Illa ha llevado con sobriedad los peores momentos de la pandemia y ahora comanda la desescalada, que ha sumado críticas generalizadas. La reversión del confinamiento se pautará con órdenes ministeriales de Sanidad, absorbiendo así el ministro el grueso de los reproches al itinerario hacia la "nueva normalidad" establecido por el Gobierno. Persistirá en su imperturbabilidad, confían en la Moncloa.

Un político inusual

No se trata de librar al ministro de Sanidad de ninguna de las responsabilidades –para bien o para mal– que le corresponden en esta crisis, sino de constatar que él no es un "experto" epidemiólogo, sino que ha debido valerse de los instrumentos de un ministerio hueco, manejarse con los poderes de las comunidades y, sobre todo, lidiar con algunos egos ministeriales que, lejos de aportarle, le han restado.

Nadie, hay que reiterarlo, saldrá exitoso de esta prueba, pero se reconocerá el estoicismo y la sobriedad de un político como Illa, extraño caso de responsable público que concita una silente consideración en el griterío crítico de estos tiempos convulsos. Transparenta, además, una lealtad que ha debido superar –lo sabe su entorno– decisiones que este catalán discreto no comparte pero que, dadas las circunstancias, asume sin reservas.

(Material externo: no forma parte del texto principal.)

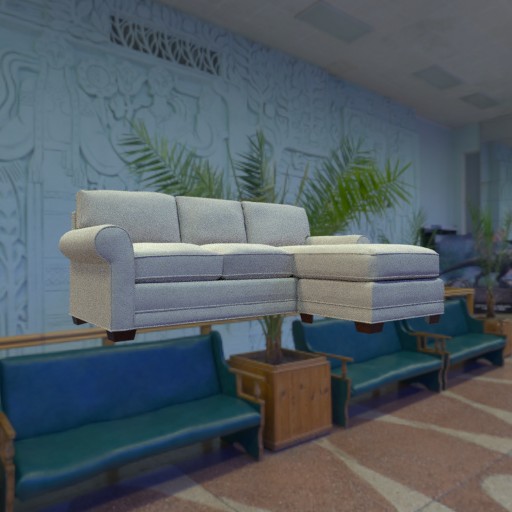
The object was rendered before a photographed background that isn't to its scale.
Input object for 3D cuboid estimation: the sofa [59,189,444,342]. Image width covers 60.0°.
[{"bbox_3d":[0.000,0.000,2.402,1.770,0.734,1.226,0,0,-37],"label":"sofa"}]
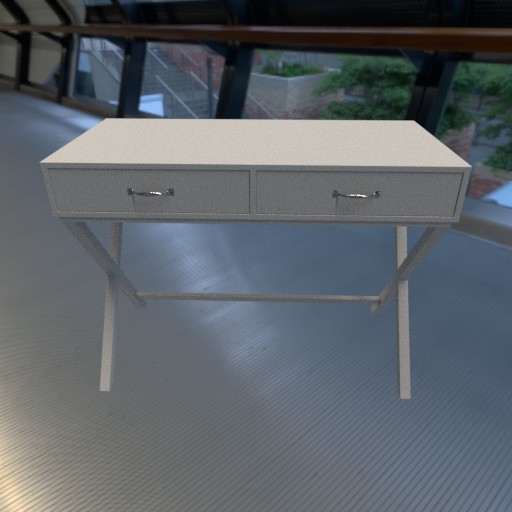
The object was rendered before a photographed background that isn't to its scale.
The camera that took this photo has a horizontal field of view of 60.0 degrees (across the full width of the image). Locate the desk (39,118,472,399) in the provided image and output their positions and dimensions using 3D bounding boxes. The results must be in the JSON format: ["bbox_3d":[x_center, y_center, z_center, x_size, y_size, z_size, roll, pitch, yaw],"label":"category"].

El filósofo, jurista y escritor Javier Gomá, director de la Fundación Juan March, publicó este jueves un tuit con el siguiente texto: "Cualquiera que sea el juicio que merece la gestión de Salvador Illa, aprecio su serenidad filosófica y su cortesía, que contrasta con la violencia verbal del entorno". Así piensan muchos que no se distinguen por su complacencia con el Ejecutivo de Pedro Sánchez.